The interesting thing was that when I wound the power back on the power supply to around 5v it seemed to work, but turning it up the smell was worse and the screen was pulsing on and off. So after doing some diagnostic sniffing I determined that it wasn't the RAMPS board, but rather it was the Arduino...of course the most expensive part of the whole lot...Grrrrr...
So the Preperation here should have been Secure the boards before powering up.

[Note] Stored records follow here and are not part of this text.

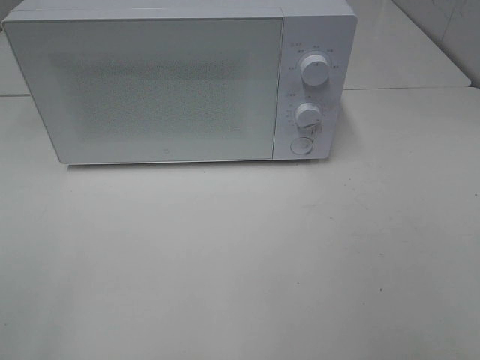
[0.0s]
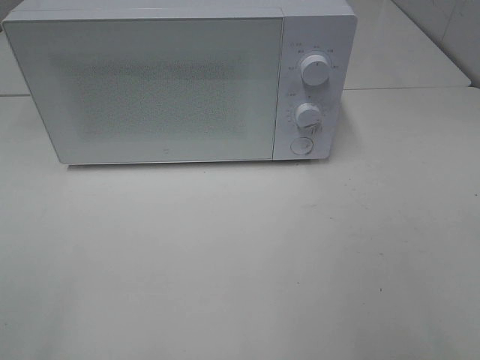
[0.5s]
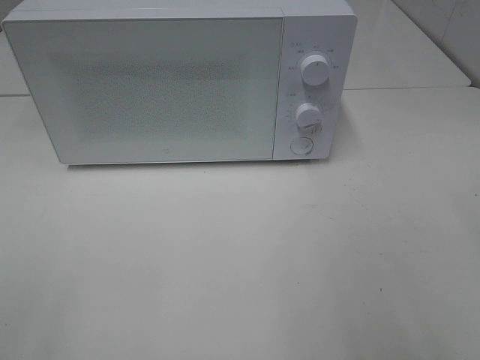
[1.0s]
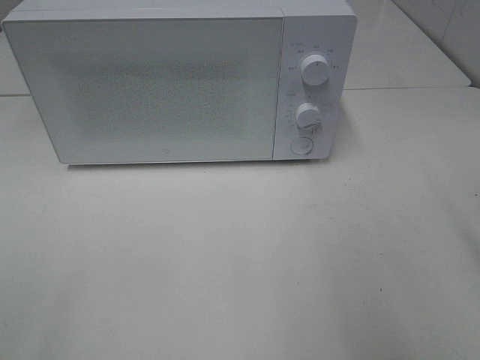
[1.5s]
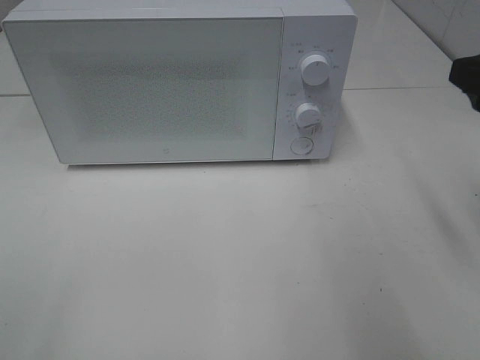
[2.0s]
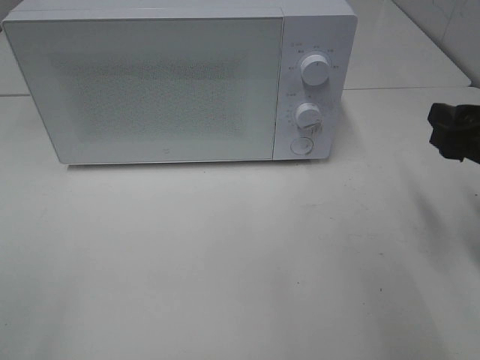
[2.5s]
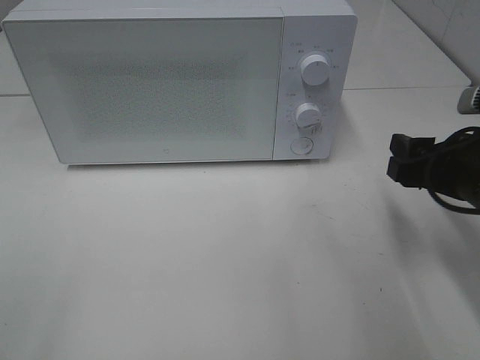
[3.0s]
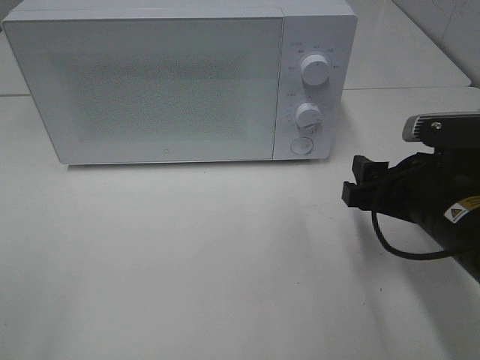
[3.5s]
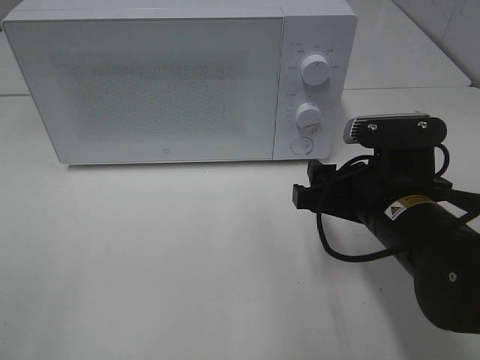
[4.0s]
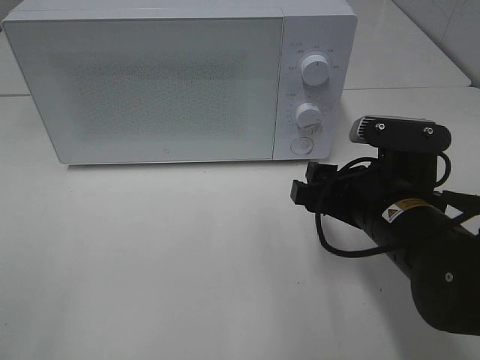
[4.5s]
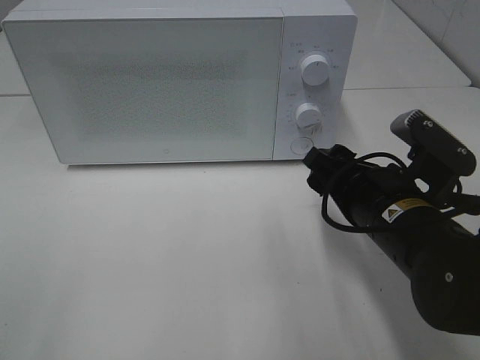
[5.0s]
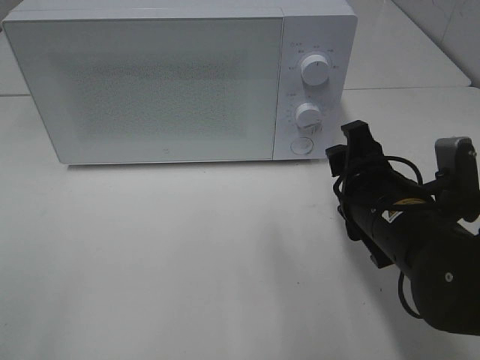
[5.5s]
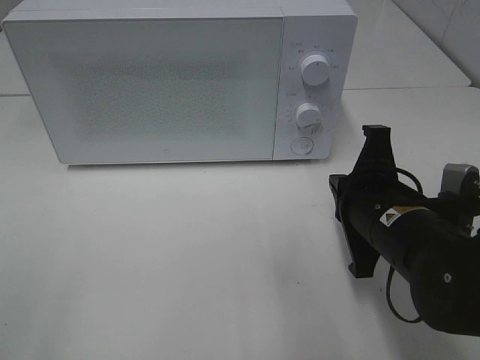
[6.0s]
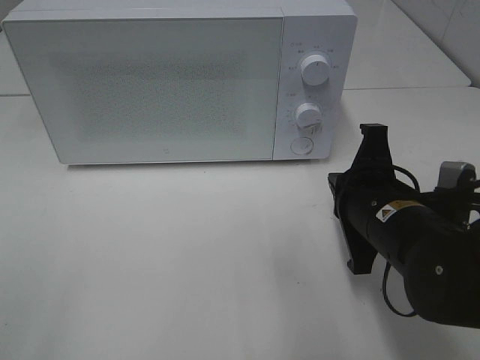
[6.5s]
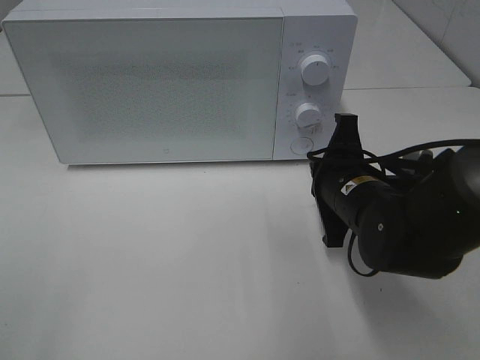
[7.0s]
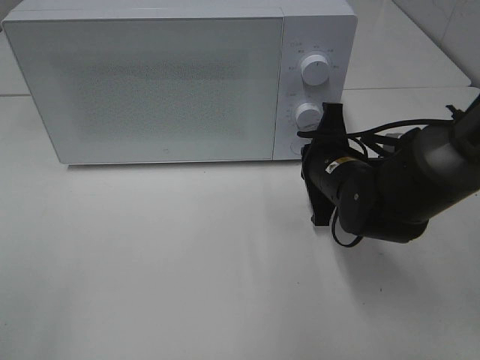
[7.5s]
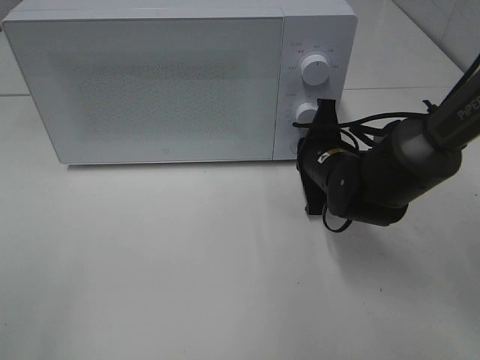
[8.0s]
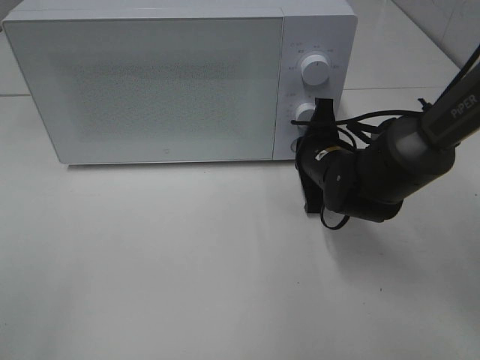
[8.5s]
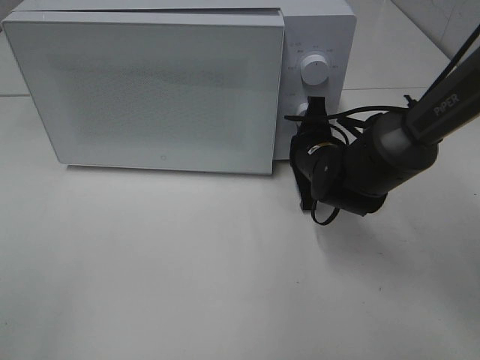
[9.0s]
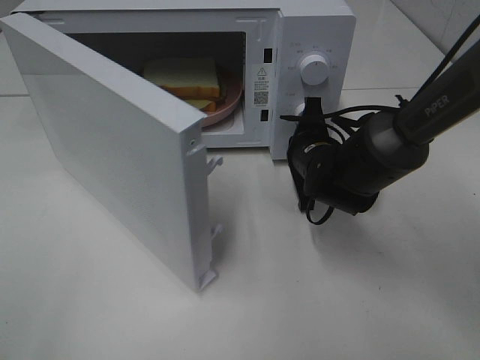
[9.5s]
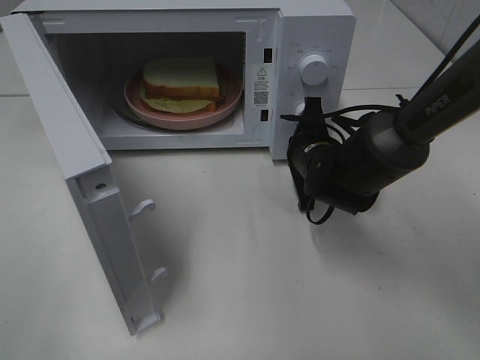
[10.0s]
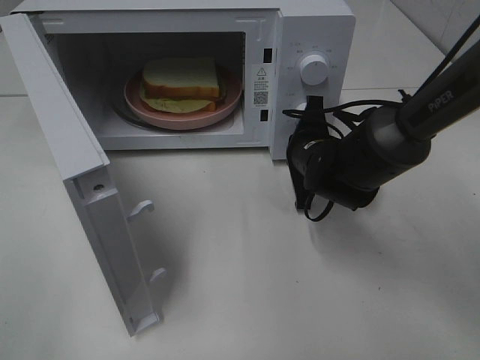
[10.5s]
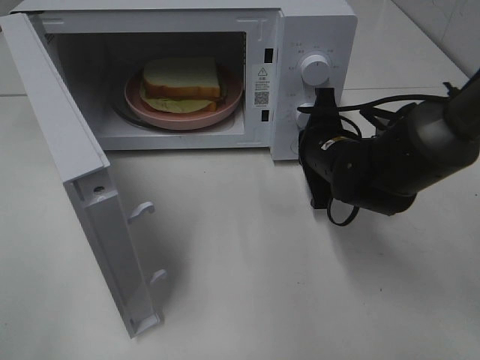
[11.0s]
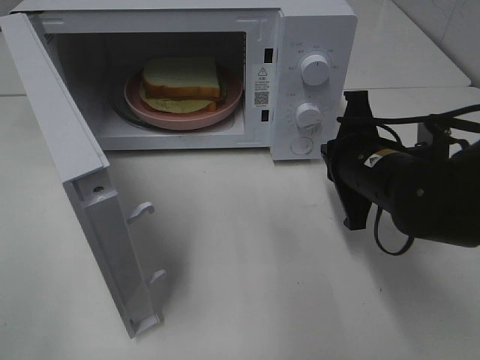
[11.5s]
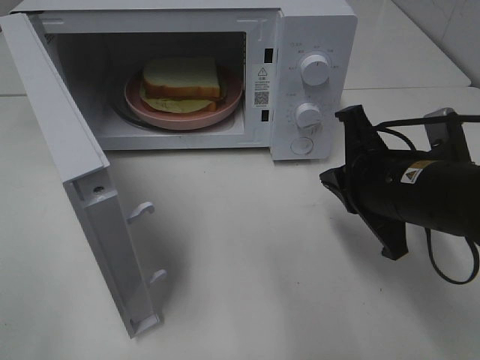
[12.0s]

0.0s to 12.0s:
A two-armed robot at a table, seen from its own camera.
Task of the whole recording: Heat Sandwich.
Step, 0.0s to 11.0s: Right hand: press the switch.
0.0s to 2.0s: The right gripper travels forward by roughly 20 cm.
2.0s to 4.0s: The right gripper moves downward and to the left, approximately 15 cm.
4.0s to 6.0s: The right gripper closes.
6.0s to 8.0s: The right gripper shifts approximately 15 cm forward.
10.0s to 12.0s: The right gripper is displaced backward and upward by approximately 15 cm.

Luckily for me I had a spare...so I wasn't set back too far, my next set-back however is more academic - I re-assembled the axis assembly (explained below)
And for the most part the Movement is nice, however I find that if you touch any part of it the Stepper skips and splutters. So by this I realised I need to increase the Current to the steppers, but of course the moment I do the steppers heat up significantly. None of this is new to many I am sure, but it does present you with that "two steps forward, one step back" feeling. You just need to always consider taking a breather without getting too frustrated.

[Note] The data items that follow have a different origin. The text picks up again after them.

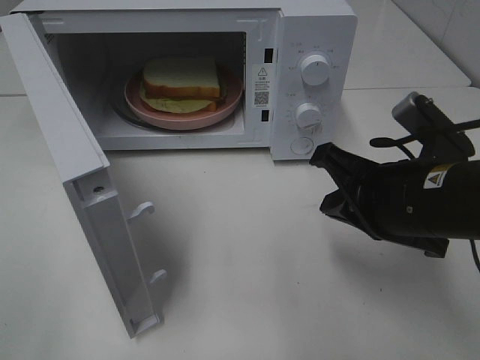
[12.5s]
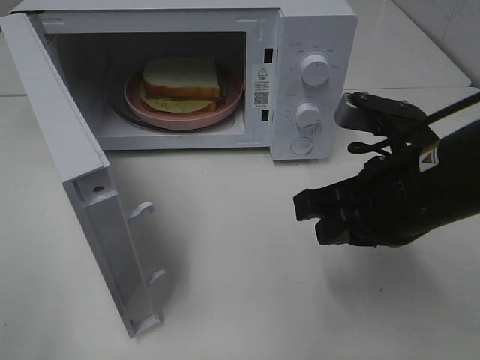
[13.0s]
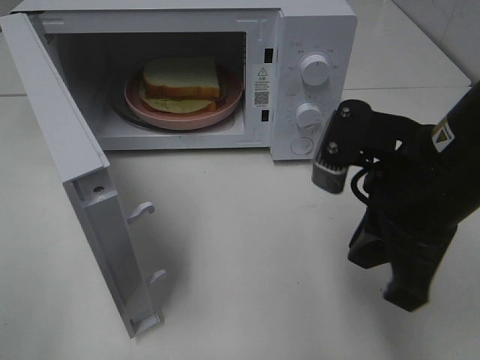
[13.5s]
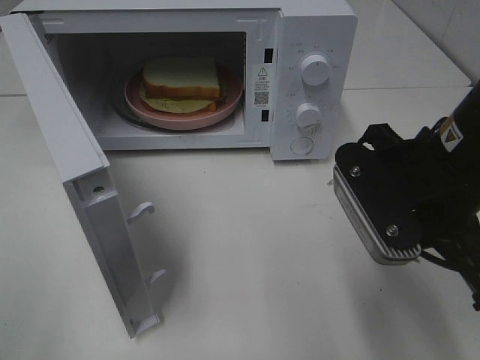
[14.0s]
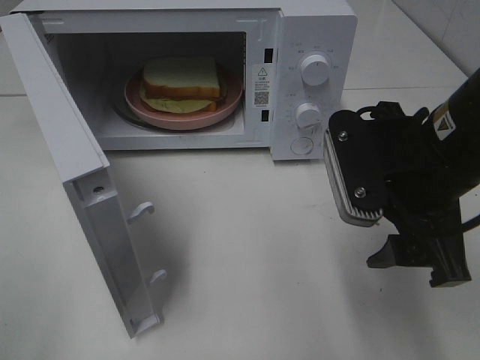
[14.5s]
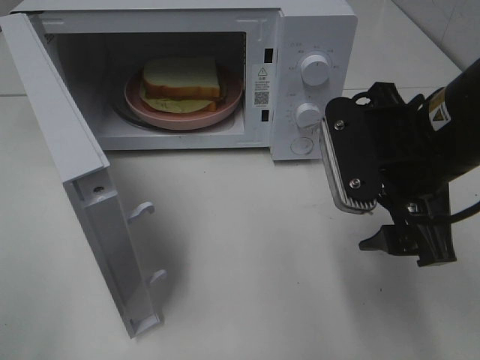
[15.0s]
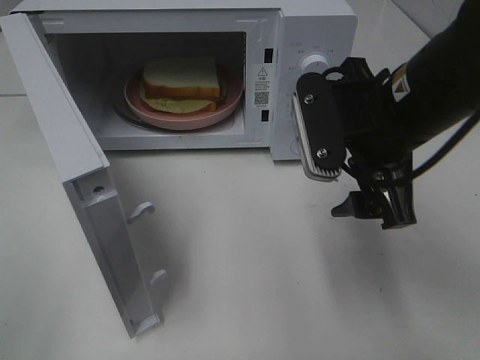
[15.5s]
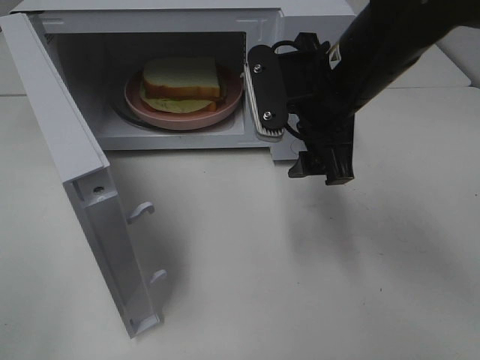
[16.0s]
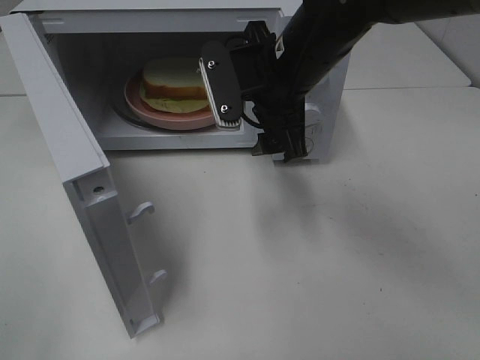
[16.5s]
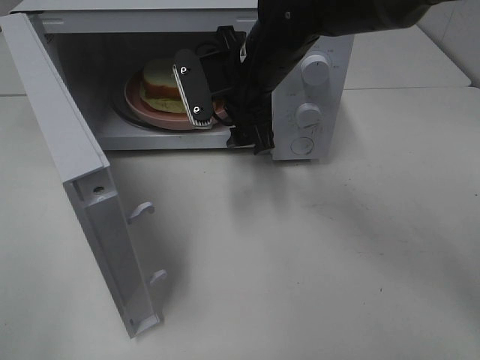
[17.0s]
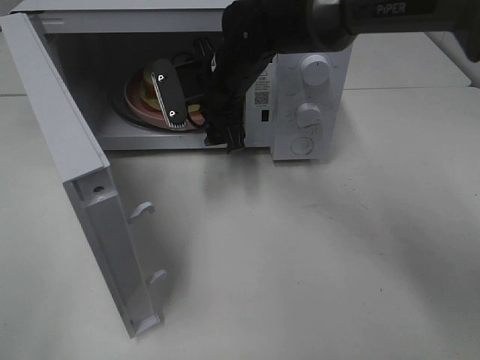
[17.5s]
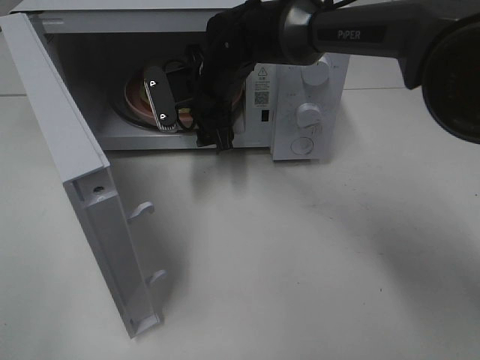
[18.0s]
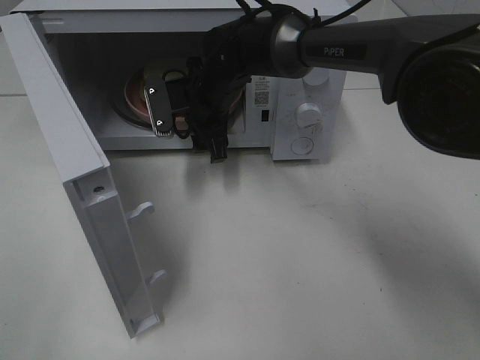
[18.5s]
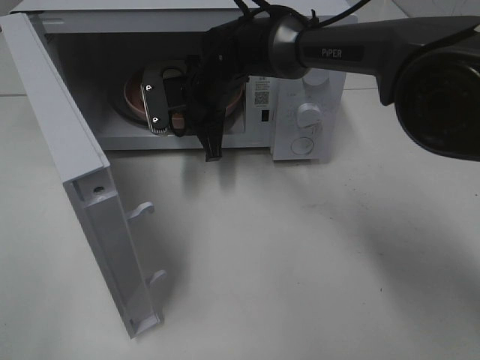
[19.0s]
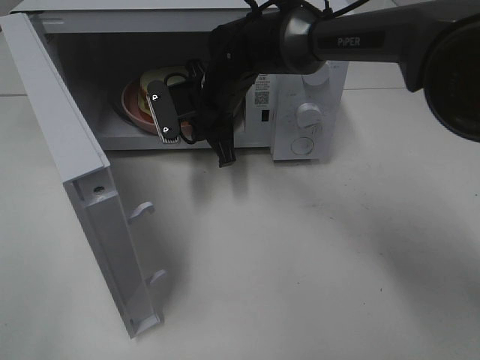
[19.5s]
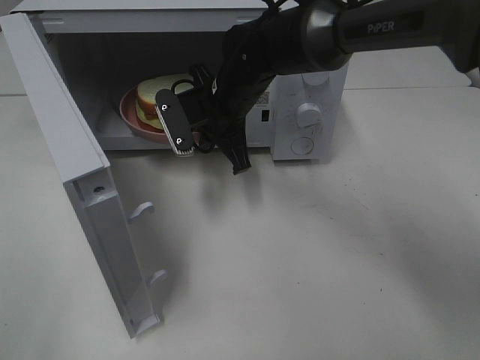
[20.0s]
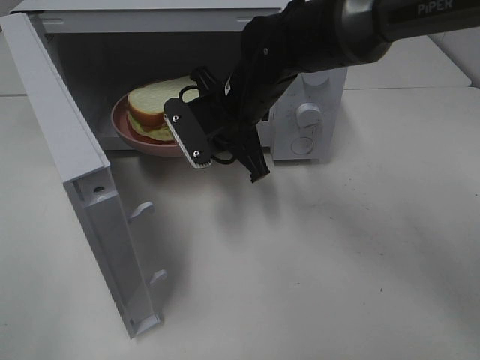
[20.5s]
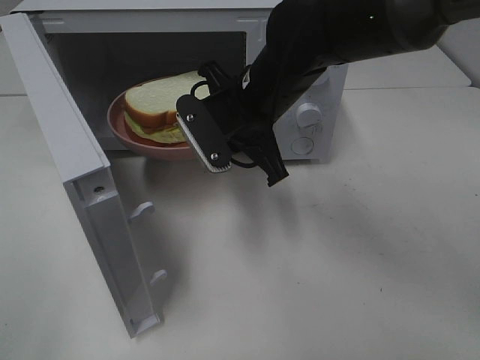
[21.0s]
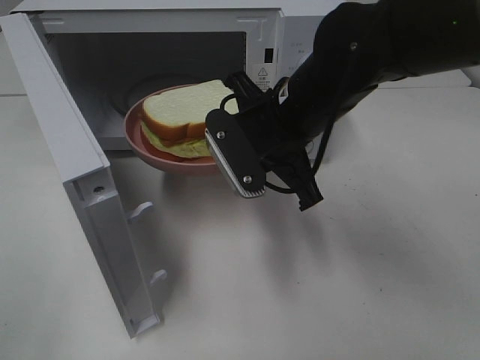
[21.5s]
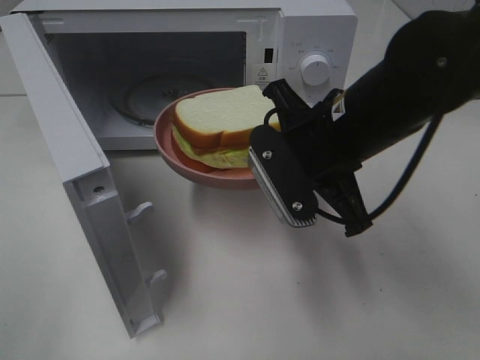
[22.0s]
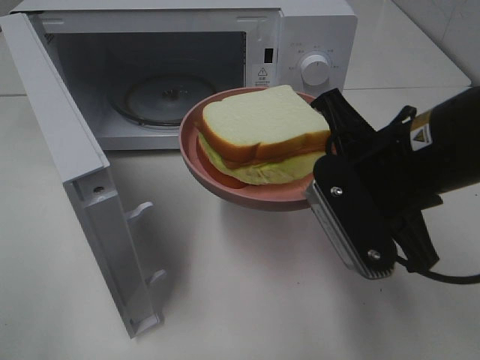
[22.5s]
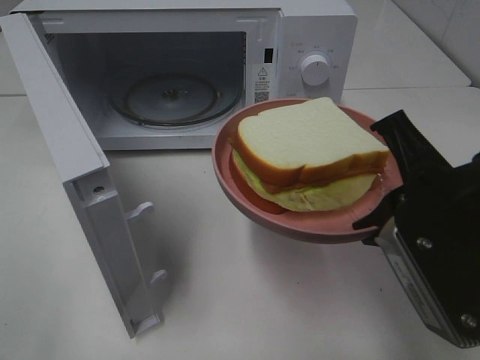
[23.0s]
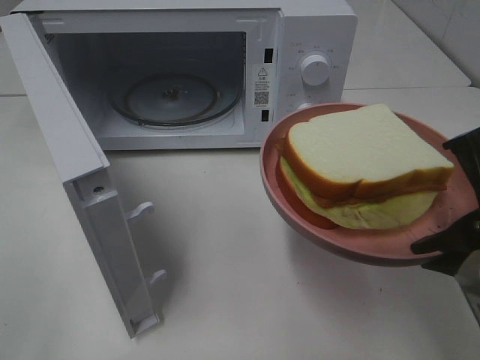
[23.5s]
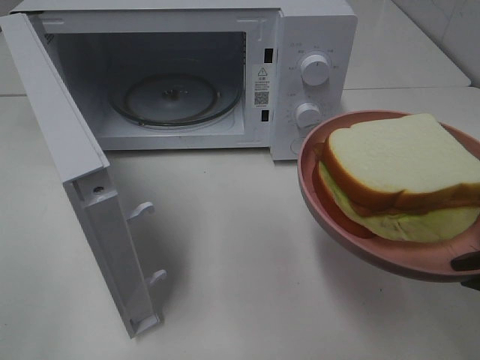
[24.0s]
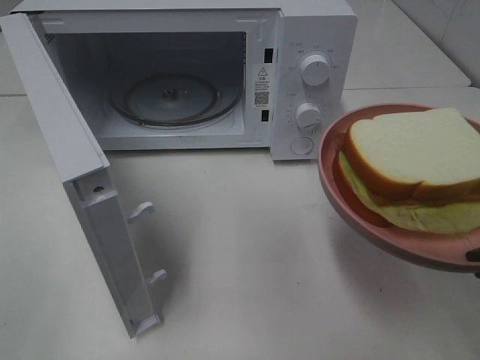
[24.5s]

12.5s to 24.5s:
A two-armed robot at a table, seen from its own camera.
Task of the whole recording: Heat Sandwich.
Step, 12.5s to 19.0s: Right hand: grab the plate with the sandwich.
12.5s to 14.5s: The right gripper moves upward, some 5 cm, and opens.
14.5s to 16.5s: The right gripper heads forward and to the left, covering some 15 cm.
16.5s to 18.5s: The right gripper moves forward, downward and to the left, some 15 cm.
18.5s to 20.5s: The right gripper travels backward by some 5 cm, and closes.
20.5s to 22.5s: The right gripper shifts roughly 20 cm backward and to the right.
22.5s to 24.5s: The right gripper heads backward and to the right, covering about 15 cm.

Even something else I found a couple of days earlier than this - I found that my Diamond Hotend prints were very stringly, and having excess buildup in a lot of places. I experimented with dropping the temperature, and now according to the sensors it is printing at 160 Deg C. with little to no stringing and buildup.
**I Will be adding a lot more images as I go as well as the source files for Final printed pieces.
28/2/2018 - Frame-work and Parts in place Sketchup will be uploaded later today, You can see in the Attached Zip file - Framework.skp - I am finally getting a chance to put all my printed sketches together, this has been done while waiting on some server upgrades to happen, each Component is based on individual Sets of parts. So you can hide other components, choose just one component then part of that component and export to STL to get a printable part to those specs.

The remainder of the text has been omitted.